Investigating the role of macrophage-epithelial cell interaction in salivary gland regeneration

Abstract

Head and neck cancer patients treated by radiotherapy commonly suffer from a devastating side effect known as xerostomia (chronic dry-mouth), which results from irreversible salivary gland hypofunction. Although xerostomia has a detrimental impact on patient quality of life, there are currently no long-term solutions to restore salivary gland function, and patients have to rely on short-term solutions which currently only alleviate the symptoms.

A growing body of evidence suggests that tissue-resident macrophages in a variety of different organs interact with the epithelium to promote tissue regeneration and repair. We previously demonstrated that in the absence of macrophages epithelial repair after irradiation injury is aberrant, suggesting that macrophages are essential for successful tissue repair in the salivary gland. However, the precise function of macrophages in this process currently remains unknown. Here, I show that CX3CR1+ macrophages home specifically to ductal cells following radiation injury, and that DNA damage is more severe upon the genetic depletion of macrophages compared to radiation alone. In addition, via in vivo analysis and a novel method for ex vivo live imaging, I show that macrophages associate intimately with KRT14+ ductal progenitor cells after injury. Using our recently generated scRNAseq data and CellChat, a tool that is able to quantitatively infer and analyse intercellular communication networks, I propose that such interactions between progenitor cells and tissue-resident macrophages occur via the CX3CL1-CX3CR1 axis. Using CX3CL1 reporter mice I confirm that KRT14+ cells produce CX3CL1, the sole ligand for CX3CR1, providing robust evidence that macrophages directly communicate with KRT14+ cells during the repair process. Indeed, upon the depletion of macrophages KRT14-mediated ductal cell replacement is reduced, implicating the importance of macrophages in the replacement of damaged tissue via communication with epithelial progenitor cells.

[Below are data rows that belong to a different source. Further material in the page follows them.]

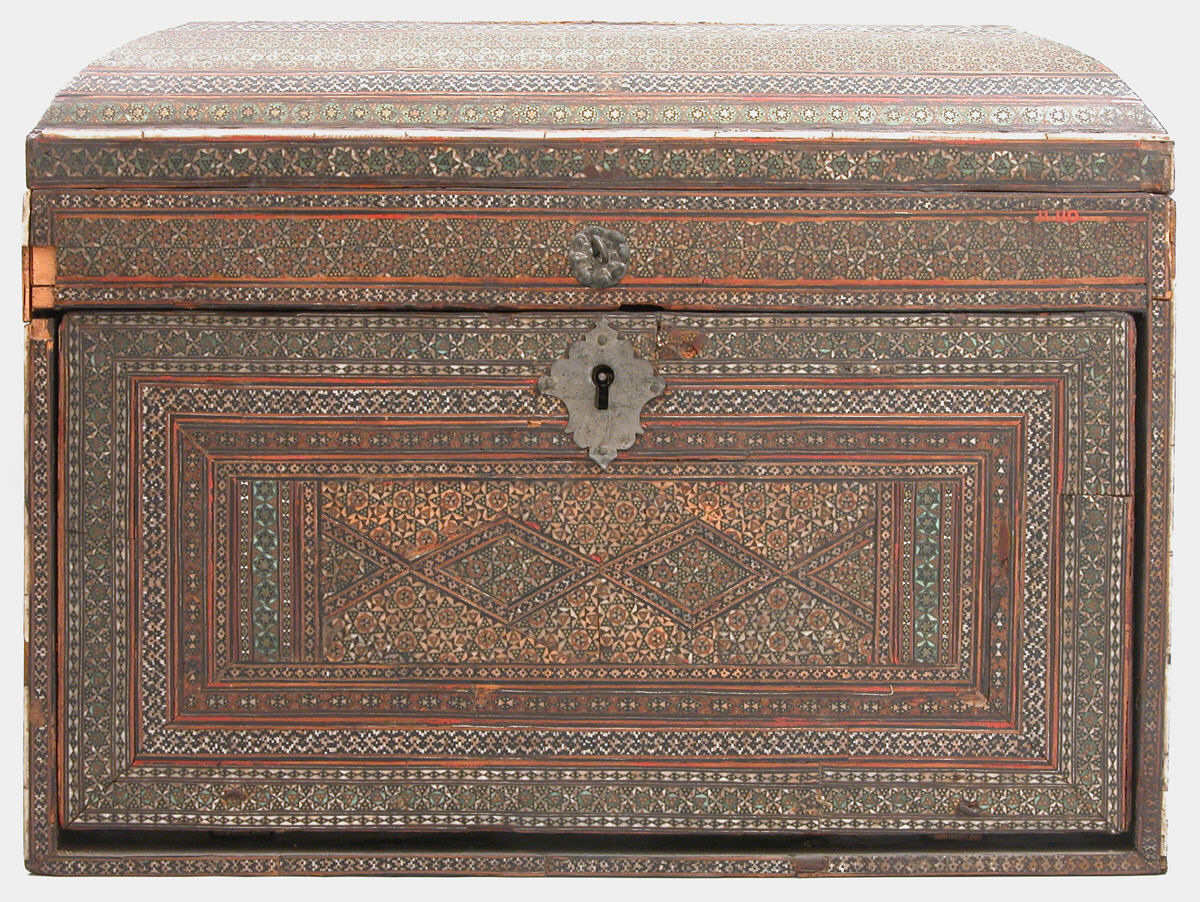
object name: box
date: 1801-1900
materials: wood
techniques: inlay
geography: iran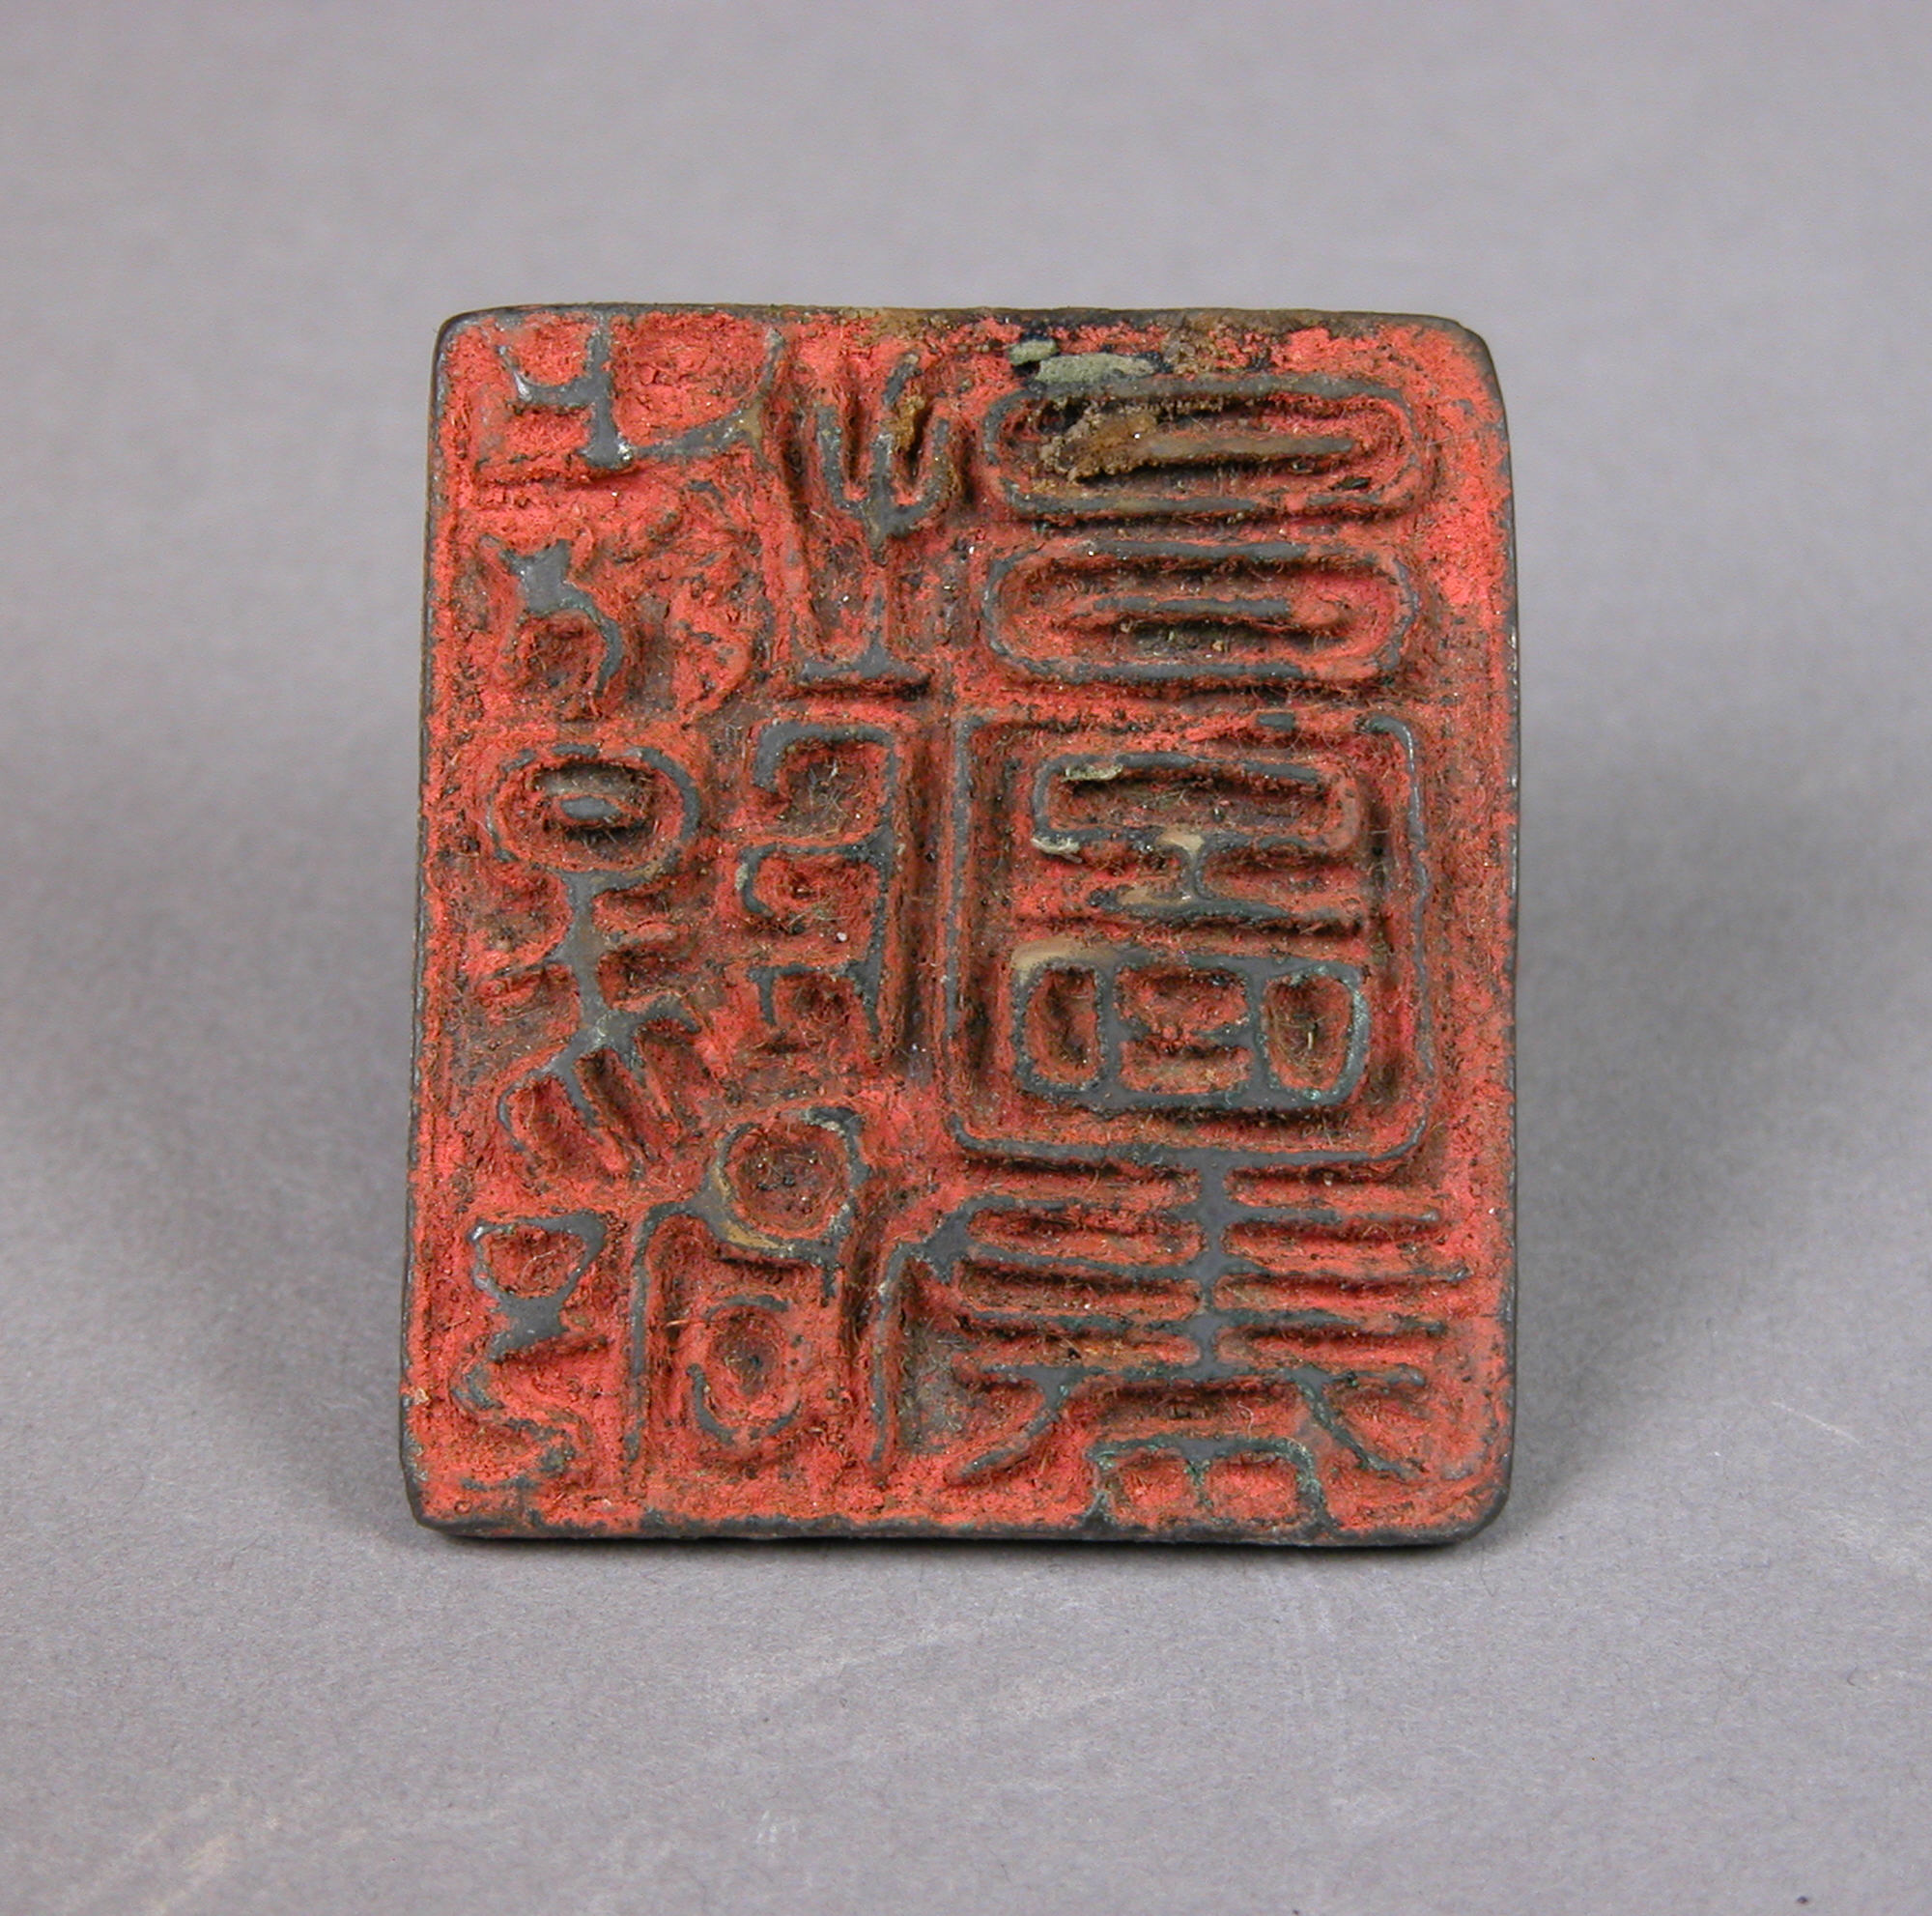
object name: seal
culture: chinese
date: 1300-1644
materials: bronze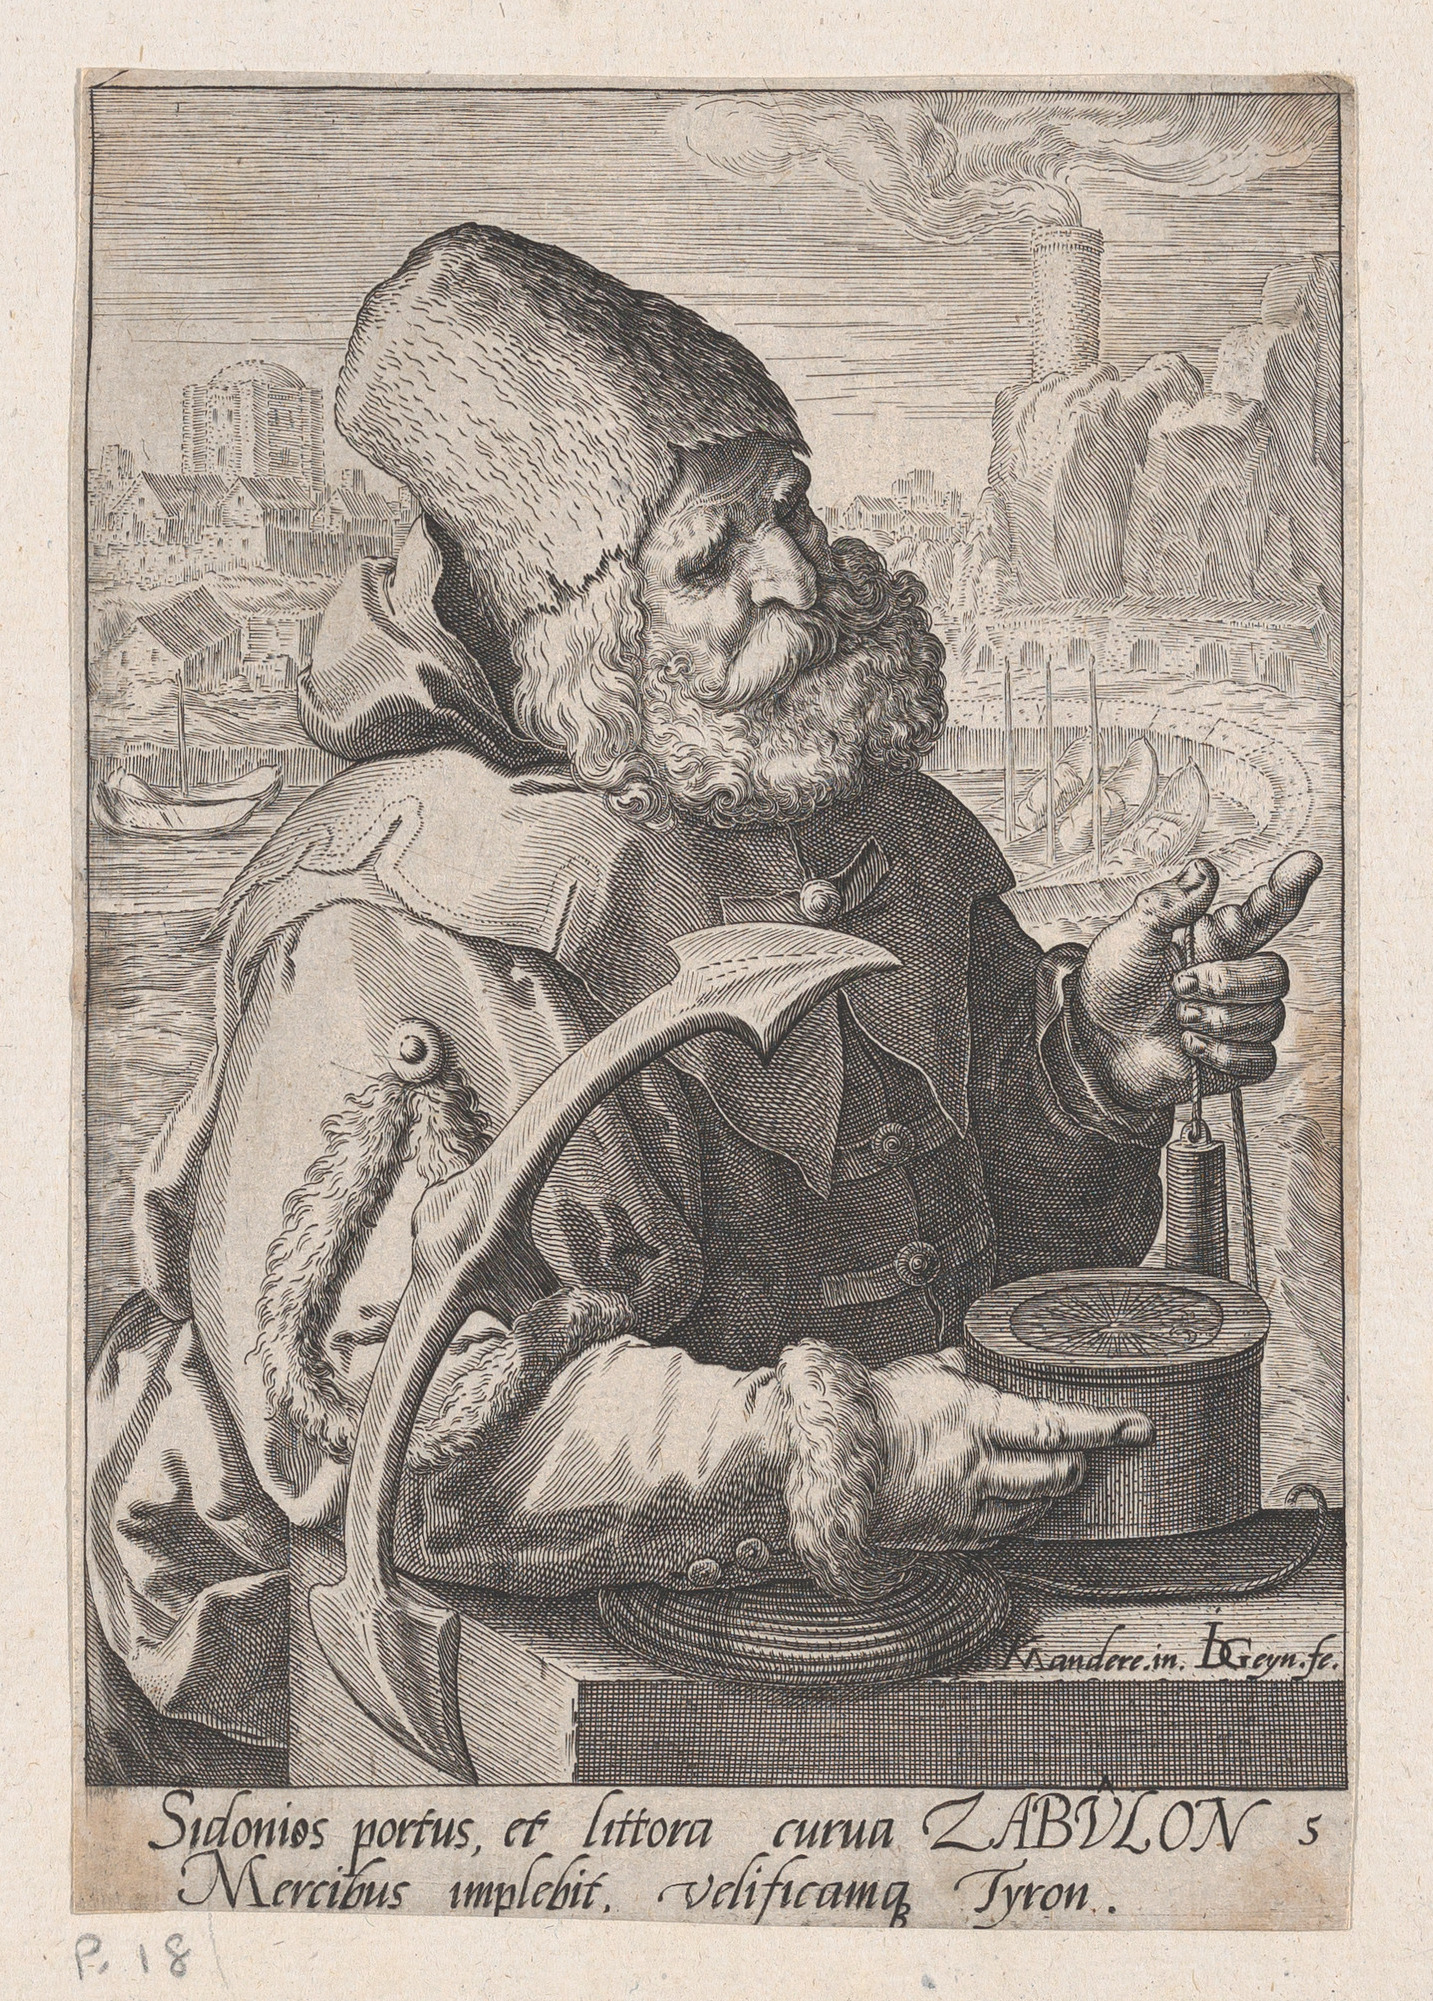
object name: print
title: Zebulon, from "The Twelve Sons of Jacob"
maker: jacques de gheyn (ii)
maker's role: artist
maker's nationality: netherlandish
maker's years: 1565-1629
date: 1584-1594
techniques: engraving
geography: amsterdam
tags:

Taken together, this study suggests that macrophage-epithelial cell interaction is essential for regeneration after salivary gland injury, and likely occurs through the direct communication between tissue-resident macrophages and lineage-restricted progenitor cells. Importantly, this provides strong rationale for further understanding this communication for the development of a future therapeutic strategy for xerostomia.